The results of the cytotoxicity study (
Figure 7) showed significantly reduced toxicities for dutasteride in DST-NLCs, uncoated or coated with CSO-LA, with evidence of proliferation at some concentrations. Previous research [
36] has also demonstrated that the cell adhesion, cell viability, intracellular alkaline phosphatase activity, and osteoblast mineralization capability were significantly improved when titanium substrates were cultivated on the surface of chitosan–lauric acid, indicating that the inclusion of this material within our formulation may bring additional benefits in vivo.
4. Conclusions
The main objective of this study was achieved. DST-NLCs coated with CSO-LA were developed and characterised successfully; NLCs were physically stable and showed improved local drug distribution (which will minimize systemic exposure), delayed drug release, decreased cytotoxicity compared to the drug alone, and less irritancy compared to dutasteride in 70% ethanol. On the 3D reconstructed human epidermis, nanoparticles prepared in water as the continuous phase showed a higher cell viability, indicating that these NLCs were a greater carrier than ethanol based on the possible adverse effects. In addition, the delivery of 5α-reductase inhibitor molecules in the nanocarriers reduced the cytotoxicity of the hair follicle dermal papilla cells. The CSO-LA-coated nanocarriers decreased systemic exposure by restricting drug permeation, as shown by the permeation analysis, where DST-NLCs coated with CSO-LA yielded half of the DST-NLC drug permeation.

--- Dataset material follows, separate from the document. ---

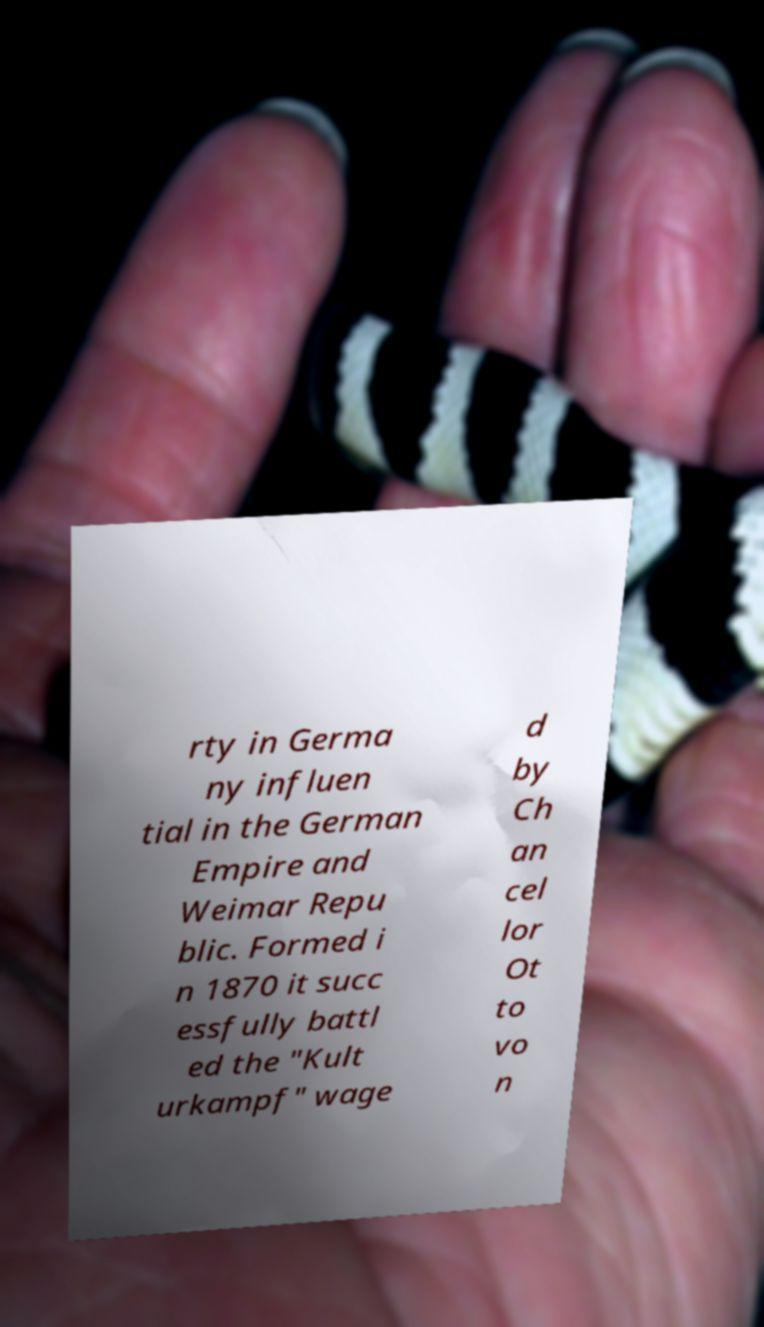What messages or text are displayed in this image? I need them in a readable, typed format. rty in Germa ny influen tial in the German Empire and Weimar Repu blic. Formed i n 1870 it succ essfully battl ed the "Kult urkampf" wage d by Ch an cel lor Ot to vo n

Empty NLCs coated with CSO-LA induced cell proliferation, with no irritancy on the 3D reconstructed human epidermis, indicating that this formulation may be used by women for whom dutasteride is not currently indicated. Stearic acid is the key ingredient in the preparation of nanoparticles, and may facilitate cell proliferation along with lauric acid (CSO conjugated with CSO-LA). Stearic and lauric acid are present abundantly in oils extracted from palms and coconuts that are commonly used as traditional hair loss treatments in tropical countries. Hence, the empty formulation of nanocarriers (NLCs) in combination with CSO-LA gave promising results as a hair growth therapy. Based on these findings, the co-delivery of dutasteride in the nanocarriers described in this study with the other hair growth-promoting compounds that generate enhanced clinical results may result in prolonged drug release, minimised cytotoxicity, and potentially synergistic hair proliferation.